Apa yang menyebabkan mengi berulang pada bayi dan balita

  Mengi adalah gejala pernapasan yang umum pada bayi dan anak-anak

  Mengi adalah gejala umum penyakit saluran pernapasan bawah pada bayi dan anak-anak. Dasar patologis mengi disebabkan oleh peradangan bronkus halus, kongesti selaput lendir, oedema, peningkatan sekresi lendir dan emboli lendir, yang mempersempit saluran udara. Karena jalan napas belum berkembang dengan baik, mengi sering kambuh pada bayi dan anak kecil.

  Sebagian besar episode mengi pada bayi dikaitkan dengan infeksi virus pada saluran pernapasan, paling umum rhinovirus, coronavirus, virus syncytial pernapasan, virus influenza dan virus parainfluenza. Telah ditemukan bahwa sebagian bayi dan anak-anak mungkin hanya mengalami satu episode mengi ringan yang berlangsung selama 2-3 hari, sering kali disebabkan oleh peradangan bronkial kapiler dari infeksi virus pernapasan pertama. Bayi dan anak-anak lain mungkin mengalami episode mengi setiap kali mereka kedinginan.

  Mengi yang berulang pada bayi dan anak kecil tidak selalu merupakan asma bronkial

  Beberapa ahli percaya bahwa mengi berulang pada bayi harus dianggap sebagai asma bronkial setelah menyingkirkan penyakit mengi lainnya seperti benda asing, dan menganjurkan terapi inhalasi hormon dini. Faktanya, mengi berulang pada bayi dan anak-anak tidak selalu merupakan asma bronkial. Mengi berulang adalah salah satu kriteria diagnostik utama untuk asma bronkial, tetapi tidak semua mengi berulang pada anak-anak adalah asma bronkial.

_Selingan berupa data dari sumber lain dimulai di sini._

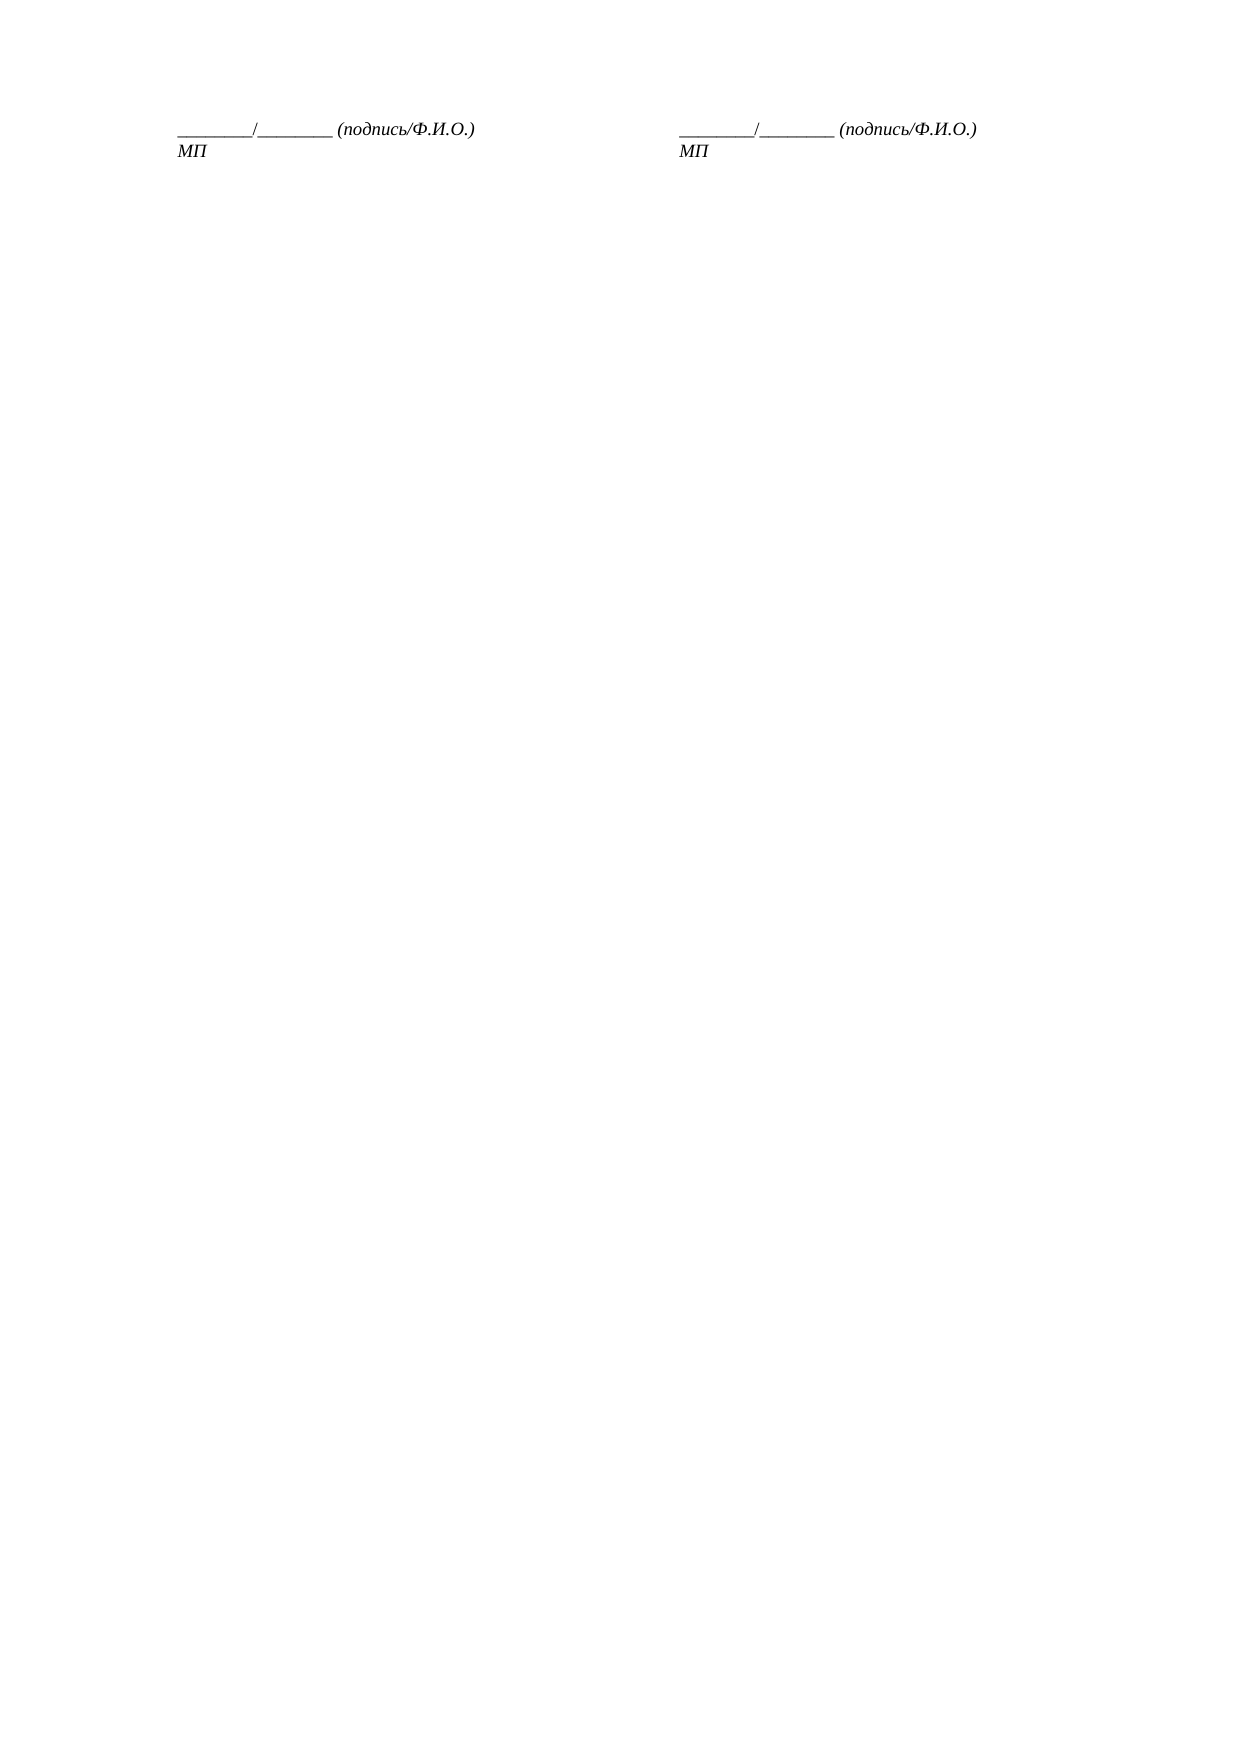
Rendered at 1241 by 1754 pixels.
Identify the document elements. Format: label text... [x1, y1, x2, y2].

table_cell ________/________ (подпись/Ф.И.О.) МП [679, 118, 1181, 161]
table_cell ________/________ (подпись/Ф.И.О.) МП [177, 118, 679, 161]

Ada bukti beberapa sindrom pernapasan pada anak-anak yang ditandai dengan mengi berulang, beberapa di antaranya jauh lebih pendek durasinya daripada asma bronkial, dengan mengi yang berhubungan dengan virus menjadi salah satu jenis utama.

  Bentuk yang paling umum dari mengi yang disebabkan oleh virus adalah bronkitis kapiler respiratory syncytial virus (RSV), yang sering muncul sebagai penyakit saluran napas reaktif yang ditandai dengan mengi yang berulang atau gejala seperti asma setelah pemulihan dan juga merupakan faktor risiko untuk perkembangan asma bronkial. Namun, mengi berulang setelah bronkiolitis RSV tidak selalu merupakan asma bronkial; bronkiolitis RSV adalah faktor risiko utama untuk perkembangan asma, tetapi risikonya menurun seiring dengan bertambahnya usia, dan mengi akibat infeksi RSV dapat berlangsung selama lebih dari 5 tahun. Oleh karena itu, banyak ahli percaya bahwa meskipun mengi berulang dapat terjadi setelah bronkitis kapiler RSV, hanya sebagian kecil anak-anak yang mengembangkan asma selama masa remaja.

  Virus selain RSV juga dapat menyebabkan mengi berulang, dan sebagian besar anak-anak dengan episode mengi dalam usia 3 tahun memiliki prognosis yang baik. Sekitar sepertiga anak-anak mengalami mengi berulang, tetapi 60 persen dari anak-anak ini tidak lagi mengi pada usia enam tahun. Fungsi paru-paru anak-anak ini lebih rendah dari normal sebelum timbulnya penyakit pernafasan, berbeda dengan fungsi paru-paru normal awal dari anak-anak yang terus mengi hingga remaja. Kemungkinan alasannya adalah, bahwa anak-anak ini dilahirkan dengan saluran udara kecil yang mudah terhalang oleh infeksi virus, dan seiring dengan semakin matangnya saluran udara mereka seiring dengan bertambahnya usia, maka kemungkinan mengi pun berkurang.

  Mengi terkait virus dan asma bronkial mungkin memiliki mekanisme patofisiologis yang berbeda. Kuehni dkk. menunjukkan bahwa anak-anak dengan gejala mengi pada tahun pertama kehidupan memiliki fungsi paru-paru yang berbeda dari anak-anak tanpa gejala pernapasan sebelum timbulnya gejala pernapasan, sehingga penurunan fungsi paru-paru awal mungkin merupakan prediktor mengi transien awal. Selain itu, mengi terkait virus dan asma bronkial memiliki respons seluler inflamasi yang berbeda di saluran udara. Biopsi anak-anak dengan asma bronkial menunjukkan ciri-ciri yang konsisten dengan perubahan patologis khas asma bronkial, seperti peningkatan eosinofil. Sebaliknya, studi cairan lavage bronchoalveolar menunjukkan bahwa meskipun wheeze yang disebabkan oleh virus memiliki jumlah sel total yang meningkat seperti pada asma bronkial, hal ini terutama ditandai dengan peningkatan neutrofil dan makrofag.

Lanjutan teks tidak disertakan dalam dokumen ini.